2026-04-26T17:33:26.650019570+00:00 Lightweight assignment: agent=Careful Programmer (f5143935), exec_mode=full, context_scope=task, reason=Careful Programmer is the only role fit for implementation; Careful tradeoff matches hardening/correctness-critical work; 33 completed tasks show experience with similar executor/integration work.
2026-04-26T17:33:26.824313329+00:00 Spawned by coordinator --executor claude --model opus
2026-04-26T17:33:39.162011591+00:00 Starting work — reading codex_handler.rs and Phase 1 research doc
2026-04-26T18:03:29.957565426+00:00 Task pending LLM gate validation
2026-04-27T00:27:33.130330271+00:00 Task rejected (1/3): Cannot smoke-test against lambda01: agency-picks-claude bug (merged but ineffective) routes EVERY task to executor=claude regardless of -x codex config. Just smoke'd in /tmp scratch dir: wg init -x codex -m qwen3-coder -e https://lambda01... → task spawned with Executor: claude, Model: qwen3-coder → claude CLI 404 → failed. Until agency-picks-claude-2 lands and actually works, codex executor work cannot be evaluated on its own merit.
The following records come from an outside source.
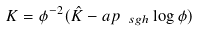<formula> <loc_0><loc_0><loc_500><loc_500>K = \phi ^ { - 2 } ( \hat { K } - \sl a p _ { \ s g h } \log \phi )</formula> 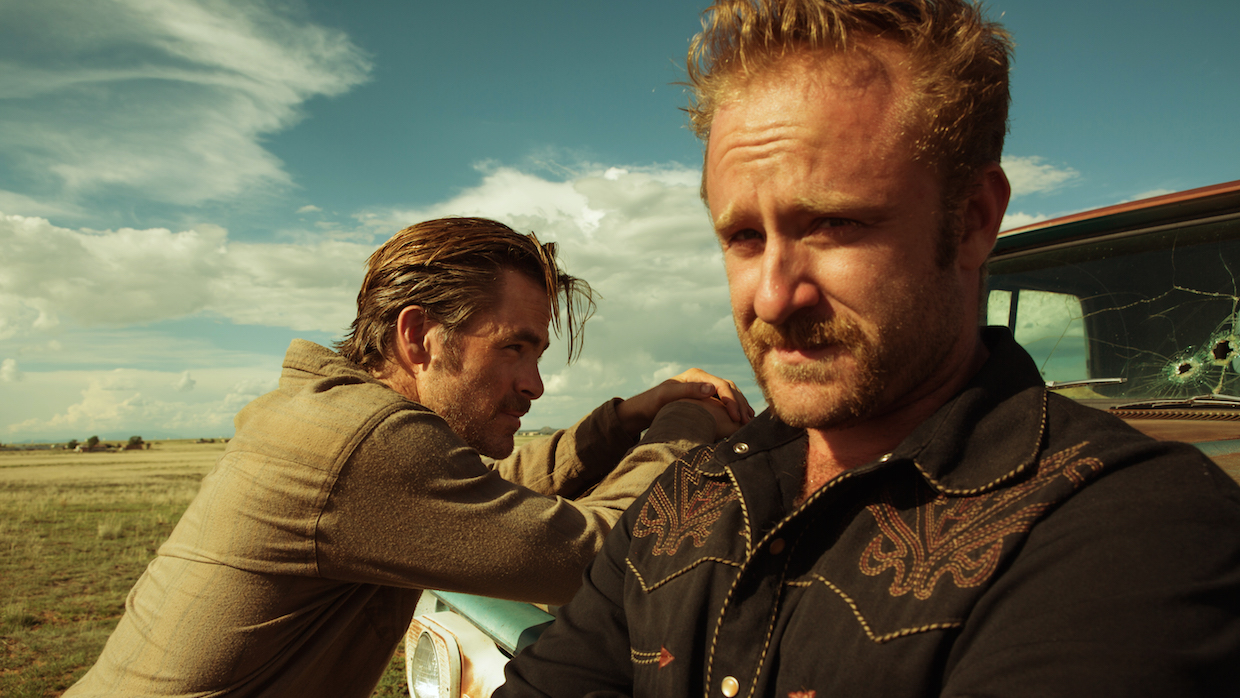What's the significance of the cracked windshield in the scene? The cracked windshield is likely a symbol of the character's tumultuous and dangerous journey. It hints at past violence or a recent confrontation, suggesting that the characters are dealing with the aftermath of a conflict. This detail helps to set the tone of desperation and intensity in the scene. How does the environment contribute to the mood of the image? The expansive, open landscape in the background contributes to a sense of isolation and desolation, amplifying the tension and ruggedness of the characters' situation. The wide sky with scattered clouds gives a sense of vastness, perhaps hinting at the endless challenges the characters face or a looming confrontation. This setting enhances the feeling of being on the run or in the midst of a high-stakes moment. 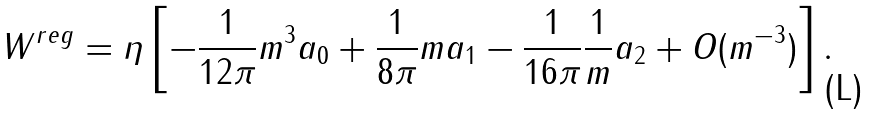<formula> <loc_0><loc_0><loc_500><loc_500>W ^ { r e g } = \eta \left [ - { \frac { 1 } { 1 2 \pi } } m ^ { 3 } a _ { 0 } + { \frac { 1 } { 8 \pi } } m a _ { 1 } - { \frac { 1 } { 1 6 \pi } } { \frac { 1 } { m } } a _ { 2 } + O ( m ^ { - 3 } ) \right ] .</formula> 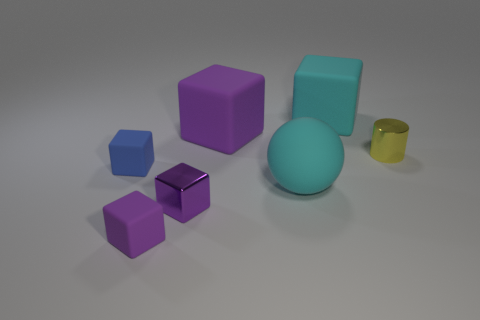How many purple blocks must be subtracted to get 1 purple blocks? 2 Subtract all cyan balls. How many purple cubes are left? 3 Subtract all blue blocks. How many blocks are left? 4 Subtract all large cyan blocks. How many blocks are left? 4 Add 3 small yellow shiny cylinders. How many objects exist? 10 Subtract all brown balls. Subtract all green blocks. How many balls are left? 1 Subtract all blocks. How many objects are left? 2 Add 2 big cyan blocks. How many big cyan blocks exist? 3 Subtract 1 blue blocks. How many objects are left? 6 Subtract all big rubber objects. Subtract all large rubber balls. How many objects are left? 3 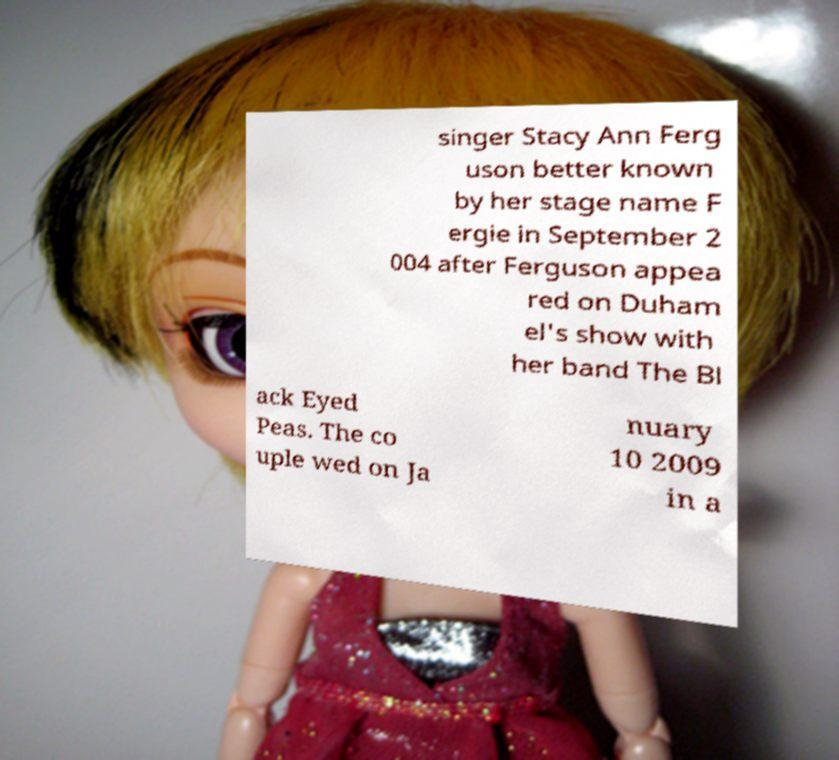For documentation purposes, I need the text within this image transcribed. Could you provide that? singer Stacy Ann Ferg uson better known by her stage name F ergie in September 2 004 after Ferguson appea red on Duham el's show with her band The Bl ack Eyed Peas. The co uple wed on Ja nuary 10 2009 in a

2026-04-27T00:28:22.506164364+00:00 Spawned by coordinator --executor claude --model opus
2026-04-27T00:28:31.361205774+00:00 Starting work on codex_handler hardening for custom OAI-compat endpoints
2026-04-27T00:37:48.410846145+00:00 Validation results: codex_oai_compat unit tests (4) pass; live integration test test_codex_handler_uses_custom_base_url passes (codex CLI installed, request reached stub URL with bearer token); 1982 lib tests pass; cargo build clean. Implementation already on main from prior commit 3923c0bf2: codex_handler.rs L342-354 wires codex_oai_compat::endpoint_url_from_env + config_overrides + api_key_from_env. Pre-existing test breakages in integration_resume/integration_dual_executor (from a22c7c90f wg-nex-resume-311 ResumeConfig field additions) and integration_chat (from --executor-required init change) are unrelated to thin-wrapper-impl scope.
2026-04-27T00:38:05.925110936+00:00 Task pending LLM gate validation
2026-04-27T01:51:24.458671852+00:00 Migrated PendingValidation → Done (deprecate-pending-validation): agency `.evaluate-*` is now the dependency-unblock gate. To force re-spawn instead, run `wg reject <task>`.